Eine neue Studie mit 91 Pflegefachleuten ergab zudem eine positive Wirkung aufs Immunsystem und auf das seelische Befinden. Dies bei denjenigen Teilnehmern, die in den Ferien wanderten und sich eine Stunde pro Tag dem Sprühnebel eines Wasserfalls aussetzten. Beide Studien wurden von der Paracelsus Medizinische Privatuniversität in Salzburg (A) durchgeführt.
Der höchste Wasserfall ist im Berner Oberland
Weil es in der Schweiz so viele Wasserfälle gibt, sind Wanderungen für jeden Fitnessgrad möglich. Der Gesundheitstipp hat einige besonders lohnende Touren ausfindig gemacht. Darunter sind anspruchsvolle Wanderungen in den Alpen mit vielen Höhenmetern, aber auch gemütliche im Mittelland.
Der Zürcher Geograf Christian Schwick ist seit vielen Jahren von Wasserfällen begeistert: Er hat in der ganzen Schweiz bereits rund 600 besucht. Die spektakulärsten hat er in einem Wanderbuch vorgestellt. «Man kann Wasserfälle gut mit Kindern besuchen und unterwegs Würste bräteln», sagt Schwick.
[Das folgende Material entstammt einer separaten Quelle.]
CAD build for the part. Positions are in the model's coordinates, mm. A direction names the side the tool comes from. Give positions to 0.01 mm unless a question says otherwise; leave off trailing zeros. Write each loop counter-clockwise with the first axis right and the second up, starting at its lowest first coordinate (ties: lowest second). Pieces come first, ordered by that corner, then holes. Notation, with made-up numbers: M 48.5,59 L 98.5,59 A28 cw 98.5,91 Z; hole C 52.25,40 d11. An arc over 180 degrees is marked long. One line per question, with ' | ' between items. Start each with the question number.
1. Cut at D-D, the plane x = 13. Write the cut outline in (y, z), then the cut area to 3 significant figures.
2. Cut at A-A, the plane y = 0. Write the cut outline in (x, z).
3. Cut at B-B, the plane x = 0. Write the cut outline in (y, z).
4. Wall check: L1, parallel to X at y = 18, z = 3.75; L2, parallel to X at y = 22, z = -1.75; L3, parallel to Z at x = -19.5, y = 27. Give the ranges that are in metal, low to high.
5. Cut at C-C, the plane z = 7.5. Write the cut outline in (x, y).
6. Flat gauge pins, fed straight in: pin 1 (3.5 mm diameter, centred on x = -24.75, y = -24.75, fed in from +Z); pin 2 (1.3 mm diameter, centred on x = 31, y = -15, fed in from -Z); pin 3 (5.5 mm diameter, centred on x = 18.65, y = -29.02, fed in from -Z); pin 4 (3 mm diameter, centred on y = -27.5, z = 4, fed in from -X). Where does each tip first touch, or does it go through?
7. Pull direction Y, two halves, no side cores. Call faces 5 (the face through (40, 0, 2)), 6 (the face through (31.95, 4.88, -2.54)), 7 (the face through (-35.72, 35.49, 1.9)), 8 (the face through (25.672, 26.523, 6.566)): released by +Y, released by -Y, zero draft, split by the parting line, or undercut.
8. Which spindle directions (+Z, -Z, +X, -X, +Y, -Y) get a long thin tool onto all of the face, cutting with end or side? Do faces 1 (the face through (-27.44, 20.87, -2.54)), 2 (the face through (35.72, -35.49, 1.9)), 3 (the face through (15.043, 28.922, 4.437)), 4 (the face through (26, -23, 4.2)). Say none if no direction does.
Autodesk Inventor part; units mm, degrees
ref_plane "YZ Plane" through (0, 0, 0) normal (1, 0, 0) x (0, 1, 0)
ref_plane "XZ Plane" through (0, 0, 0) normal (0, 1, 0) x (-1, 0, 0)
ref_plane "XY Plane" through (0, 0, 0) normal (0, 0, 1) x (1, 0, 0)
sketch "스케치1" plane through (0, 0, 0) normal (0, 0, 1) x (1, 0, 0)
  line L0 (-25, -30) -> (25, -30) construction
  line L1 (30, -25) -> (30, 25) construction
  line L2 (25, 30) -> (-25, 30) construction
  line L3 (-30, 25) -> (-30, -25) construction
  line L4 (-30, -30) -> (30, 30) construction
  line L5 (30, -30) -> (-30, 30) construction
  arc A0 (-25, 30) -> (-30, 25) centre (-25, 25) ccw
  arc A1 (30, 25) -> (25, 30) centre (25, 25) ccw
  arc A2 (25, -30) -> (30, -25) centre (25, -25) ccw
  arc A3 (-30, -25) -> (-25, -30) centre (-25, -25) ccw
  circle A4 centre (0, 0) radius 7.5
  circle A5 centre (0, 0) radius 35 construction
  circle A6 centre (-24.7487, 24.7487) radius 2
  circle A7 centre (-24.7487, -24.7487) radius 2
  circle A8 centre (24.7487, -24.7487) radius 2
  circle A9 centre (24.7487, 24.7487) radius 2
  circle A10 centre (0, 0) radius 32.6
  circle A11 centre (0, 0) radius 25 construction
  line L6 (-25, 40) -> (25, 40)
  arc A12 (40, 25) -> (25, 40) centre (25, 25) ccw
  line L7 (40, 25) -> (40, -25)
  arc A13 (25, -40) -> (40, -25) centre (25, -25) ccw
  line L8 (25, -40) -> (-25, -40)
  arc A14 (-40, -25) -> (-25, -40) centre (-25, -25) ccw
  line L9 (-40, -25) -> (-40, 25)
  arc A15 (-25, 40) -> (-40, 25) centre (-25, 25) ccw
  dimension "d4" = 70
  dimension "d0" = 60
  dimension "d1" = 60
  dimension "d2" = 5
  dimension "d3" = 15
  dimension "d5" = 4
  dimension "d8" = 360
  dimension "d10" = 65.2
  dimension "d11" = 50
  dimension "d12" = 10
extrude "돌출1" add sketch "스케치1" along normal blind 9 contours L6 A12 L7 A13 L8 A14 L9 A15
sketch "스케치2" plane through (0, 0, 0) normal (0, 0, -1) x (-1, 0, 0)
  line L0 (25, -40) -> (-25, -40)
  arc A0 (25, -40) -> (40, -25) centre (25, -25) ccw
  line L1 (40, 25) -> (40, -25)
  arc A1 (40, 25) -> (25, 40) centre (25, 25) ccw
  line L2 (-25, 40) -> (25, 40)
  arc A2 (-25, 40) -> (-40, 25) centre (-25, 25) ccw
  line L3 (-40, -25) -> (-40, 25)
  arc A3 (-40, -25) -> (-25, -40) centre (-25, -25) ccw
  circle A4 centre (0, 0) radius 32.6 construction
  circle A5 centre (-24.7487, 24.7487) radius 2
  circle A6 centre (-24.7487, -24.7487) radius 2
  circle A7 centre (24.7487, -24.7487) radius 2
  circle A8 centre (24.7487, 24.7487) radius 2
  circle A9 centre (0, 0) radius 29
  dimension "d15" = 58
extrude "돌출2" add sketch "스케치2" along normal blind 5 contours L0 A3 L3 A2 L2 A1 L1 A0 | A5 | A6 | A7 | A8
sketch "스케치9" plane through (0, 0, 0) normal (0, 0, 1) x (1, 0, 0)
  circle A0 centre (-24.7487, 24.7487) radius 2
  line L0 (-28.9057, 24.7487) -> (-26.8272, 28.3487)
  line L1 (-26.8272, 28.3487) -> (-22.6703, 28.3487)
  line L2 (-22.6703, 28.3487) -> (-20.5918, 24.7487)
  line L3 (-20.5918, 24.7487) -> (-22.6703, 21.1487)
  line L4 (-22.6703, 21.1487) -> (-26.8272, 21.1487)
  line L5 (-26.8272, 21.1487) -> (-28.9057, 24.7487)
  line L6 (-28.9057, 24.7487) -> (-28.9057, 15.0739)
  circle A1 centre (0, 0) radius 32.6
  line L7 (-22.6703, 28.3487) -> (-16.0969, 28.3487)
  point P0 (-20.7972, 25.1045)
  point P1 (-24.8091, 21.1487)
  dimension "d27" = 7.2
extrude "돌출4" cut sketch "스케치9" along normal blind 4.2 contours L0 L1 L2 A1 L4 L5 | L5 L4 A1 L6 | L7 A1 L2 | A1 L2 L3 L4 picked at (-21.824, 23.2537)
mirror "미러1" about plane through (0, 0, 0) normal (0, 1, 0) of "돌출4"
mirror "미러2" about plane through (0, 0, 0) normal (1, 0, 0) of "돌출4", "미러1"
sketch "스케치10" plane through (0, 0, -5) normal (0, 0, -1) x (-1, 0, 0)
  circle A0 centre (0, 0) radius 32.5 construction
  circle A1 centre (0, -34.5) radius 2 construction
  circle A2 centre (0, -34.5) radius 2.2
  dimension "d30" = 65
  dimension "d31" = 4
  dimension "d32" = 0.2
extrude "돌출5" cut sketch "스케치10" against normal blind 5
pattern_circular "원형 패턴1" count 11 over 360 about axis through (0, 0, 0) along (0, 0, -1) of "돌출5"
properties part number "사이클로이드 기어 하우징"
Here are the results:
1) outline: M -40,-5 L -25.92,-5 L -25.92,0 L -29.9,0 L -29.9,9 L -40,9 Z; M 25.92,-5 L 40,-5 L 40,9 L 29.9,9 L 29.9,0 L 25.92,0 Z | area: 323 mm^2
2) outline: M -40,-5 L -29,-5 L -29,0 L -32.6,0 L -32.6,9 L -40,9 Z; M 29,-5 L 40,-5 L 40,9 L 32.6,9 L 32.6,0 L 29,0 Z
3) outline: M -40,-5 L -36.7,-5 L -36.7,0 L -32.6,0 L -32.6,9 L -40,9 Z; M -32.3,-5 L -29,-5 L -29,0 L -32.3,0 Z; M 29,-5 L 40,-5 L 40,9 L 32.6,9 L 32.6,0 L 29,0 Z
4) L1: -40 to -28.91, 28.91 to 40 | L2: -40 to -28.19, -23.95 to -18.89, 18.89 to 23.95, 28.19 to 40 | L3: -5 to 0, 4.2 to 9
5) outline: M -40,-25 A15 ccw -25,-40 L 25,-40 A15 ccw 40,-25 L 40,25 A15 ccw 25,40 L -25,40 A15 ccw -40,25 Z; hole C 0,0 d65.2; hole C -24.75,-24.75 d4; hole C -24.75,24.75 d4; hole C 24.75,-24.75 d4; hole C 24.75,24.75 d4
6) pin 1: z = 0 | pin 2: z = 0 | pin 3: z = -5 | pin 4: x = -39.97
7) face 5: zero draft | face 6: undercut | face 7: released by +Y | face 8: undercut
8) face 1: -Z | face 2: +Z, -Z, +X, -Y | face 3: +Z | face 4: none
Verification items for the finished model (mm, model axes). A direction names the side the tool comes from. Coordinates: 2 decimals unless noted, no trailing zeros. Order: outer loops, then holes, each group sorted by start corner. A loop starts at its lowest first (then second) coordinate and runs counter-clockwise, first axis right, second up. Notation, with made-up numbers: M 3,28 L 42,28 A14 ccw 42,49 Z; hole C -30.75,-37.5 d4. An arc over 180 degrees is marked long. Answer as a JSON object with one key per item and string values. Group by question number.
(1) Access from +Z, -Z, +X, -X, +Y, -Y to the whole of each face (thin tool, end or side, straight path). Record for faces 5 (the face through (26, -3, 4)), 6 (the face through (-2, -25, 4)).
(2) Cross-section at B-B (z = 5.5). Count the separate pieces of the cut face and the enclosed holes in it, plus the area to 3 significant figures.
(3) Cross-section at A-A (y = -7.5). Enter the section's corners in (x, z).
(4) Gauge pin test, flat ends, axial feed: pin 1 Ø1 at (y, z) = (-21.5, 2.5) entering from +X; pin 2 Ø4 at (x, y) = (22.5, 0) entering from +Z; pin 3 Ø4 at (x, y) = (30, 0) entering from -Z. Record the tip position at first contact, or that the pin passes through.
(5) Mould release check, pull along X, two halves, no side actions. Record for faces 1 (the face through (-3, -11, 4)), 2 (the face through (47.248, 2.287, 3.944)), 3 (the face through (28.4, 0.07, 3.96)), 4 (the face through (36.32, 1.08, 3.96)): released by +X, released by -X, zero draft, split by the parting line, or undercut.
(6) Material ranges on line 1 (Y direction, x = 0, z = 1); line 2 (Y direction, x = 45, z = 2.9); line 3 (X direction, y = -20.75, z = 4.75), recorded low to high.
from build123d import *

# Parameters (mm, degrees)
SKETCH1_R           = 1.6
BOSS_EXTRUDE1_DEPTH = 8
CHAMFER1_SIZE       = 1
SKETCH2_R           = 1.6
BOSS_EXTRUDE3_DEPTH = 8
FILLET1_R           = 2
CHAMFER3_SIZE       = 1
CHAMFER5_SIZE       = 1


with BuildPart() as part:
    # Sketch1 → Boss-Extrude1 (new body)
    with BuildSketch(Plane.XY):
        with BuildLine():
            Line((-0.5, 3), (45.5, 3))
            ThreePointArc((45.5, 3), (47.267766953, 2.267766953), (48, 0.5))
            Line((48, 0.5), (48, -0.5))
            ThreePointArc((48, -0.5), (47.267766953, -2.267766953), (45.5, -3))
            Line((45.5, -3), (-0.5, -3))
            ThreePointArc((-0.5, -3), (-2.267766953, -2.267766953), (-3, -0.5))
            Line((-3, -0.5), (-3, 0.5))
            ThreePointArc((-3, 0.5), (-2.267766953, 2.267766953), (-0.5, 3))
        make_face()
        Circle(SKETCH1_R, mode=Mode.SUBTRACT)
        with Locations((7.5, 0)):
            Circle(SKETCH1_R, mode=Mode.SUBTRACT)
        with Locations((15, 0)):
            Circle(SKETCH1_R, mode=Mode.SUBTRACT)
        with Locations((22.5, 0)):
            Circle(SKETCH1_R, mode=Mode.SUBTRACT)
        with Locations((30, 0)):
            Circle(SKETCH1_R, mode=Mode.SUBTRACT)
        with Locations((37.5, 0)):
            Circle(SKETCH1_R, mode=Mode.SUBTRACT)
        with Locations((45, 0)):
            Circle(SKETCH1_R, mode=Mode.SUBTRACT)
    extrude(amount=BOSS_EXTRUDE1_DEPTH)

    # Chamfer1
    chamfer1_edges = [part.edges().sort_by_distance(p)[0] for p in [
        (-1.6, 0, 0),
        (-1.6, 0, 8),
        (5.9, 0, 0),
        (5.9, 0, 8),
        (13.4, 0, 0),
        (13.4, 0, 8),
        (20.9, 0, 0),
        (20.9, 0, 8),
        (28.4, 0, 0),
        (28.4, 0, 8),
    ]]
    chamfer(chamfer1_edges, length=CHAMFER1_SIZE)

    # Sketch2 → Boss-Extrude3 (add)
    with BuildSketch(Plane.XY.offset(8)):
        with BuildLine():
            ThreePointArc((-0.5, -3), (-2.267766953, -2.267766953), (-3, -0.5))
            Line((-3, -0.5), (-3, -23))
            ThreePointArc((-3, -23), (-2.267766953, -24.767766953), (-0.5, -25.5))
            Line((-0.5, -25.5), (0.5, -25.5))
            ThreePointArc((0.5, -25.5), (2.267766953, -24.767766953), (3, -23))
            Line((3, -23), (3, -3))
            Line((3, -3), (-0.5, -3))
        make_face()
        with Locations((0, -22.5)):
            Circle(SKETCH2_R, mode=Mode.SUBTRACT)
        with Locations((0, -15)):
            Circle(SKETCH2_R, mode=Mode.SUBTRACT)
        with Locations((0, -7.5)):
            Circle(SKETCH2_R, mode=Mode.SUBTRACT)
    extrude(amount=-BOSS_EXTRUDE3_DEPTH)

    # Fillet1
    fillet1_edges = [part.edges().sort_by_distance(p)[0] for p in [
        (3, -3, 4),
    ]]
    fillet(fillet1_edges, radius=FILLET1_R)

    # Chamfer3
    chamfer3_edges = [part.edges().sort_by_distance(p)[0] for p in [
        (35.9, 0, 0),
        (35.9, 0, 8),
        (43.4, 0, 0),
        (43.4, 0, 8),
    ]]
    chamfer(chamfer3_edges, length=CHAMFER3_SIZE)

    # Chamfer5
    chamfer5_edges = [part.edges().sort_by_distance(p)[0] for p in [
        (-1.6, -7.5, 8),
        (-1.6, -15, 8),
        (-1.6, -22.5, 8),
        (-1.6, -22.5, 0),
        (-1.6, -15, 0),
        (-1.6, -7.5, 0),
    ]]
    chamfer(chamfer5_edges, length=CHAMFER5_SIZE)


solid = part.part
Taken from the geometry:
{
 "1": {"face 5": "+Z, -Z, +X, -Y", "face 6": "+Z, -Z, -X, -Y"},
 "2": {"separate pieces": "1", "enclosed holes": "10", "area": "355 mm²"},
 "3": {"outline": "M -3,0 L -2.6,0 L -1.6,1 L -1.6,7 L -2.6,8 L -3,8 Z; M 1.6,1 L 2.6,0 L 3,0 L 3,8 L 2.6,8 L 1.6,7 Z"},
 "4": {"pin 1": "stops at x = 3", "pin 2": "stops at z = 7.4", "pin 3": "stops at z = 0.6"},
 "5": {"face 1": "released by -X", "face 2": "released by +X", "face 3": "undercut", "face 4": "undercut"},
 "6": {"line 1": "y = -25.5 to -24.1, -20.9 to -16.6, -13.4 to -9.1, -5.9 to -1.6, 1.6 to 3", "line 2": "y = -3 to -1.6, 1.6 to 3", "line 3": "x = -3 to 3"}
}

Die meisten Wasserfälle gibt es am Alpennordhang – von den Berner bis zu den Bündner Alpen. Der höchste liegt im Lauterbrunnental im Berner Oberland: der 417 Meter hohe Mürrenbachfall. Zudem findet man in keinem anderen Tal so viele Wasserfälle, es sind über 70.
Ruhe und Entspannung im Mittelland
Allerdings muss man nicht ins Berner Oberland fahren, um Wasserfälle zu erleben. Grafiker Michel Brunner aus Glattbrugg ZH wandert am liebsten zu Zielen, die nicht weit von seinem Wohnort liegen: «Wenn man Ruhe und Entspannung sucht, besucht man besser einen Wasserfall im Mittelland statt in die Alpen zu fahren», sagt er. «Oft bilden die Bäche Kaskaden, die über mehrere Stufen plätschern. Das wirkt entspannend.»
Auch im dicht besiedelten Kanton Zürich gibt es laut Brunner viele Wasserfälle. Zwar nicht so hohe wie im Lauterbrunnental. Dennoch hat er zusammen mit seinem Vater alleine im Kanton Zürich Hunderte Wasserfälle ausgemacht. Kriterium: Mindestens mannshoch müssen sie sein. Besonders schön ist laut Brunner eine Rundwanderung im Tösstal, bei der man – mit Start am Bahnhof Rämismühle-Zell – Wasserfälle in zwei Tobeln sehen kann.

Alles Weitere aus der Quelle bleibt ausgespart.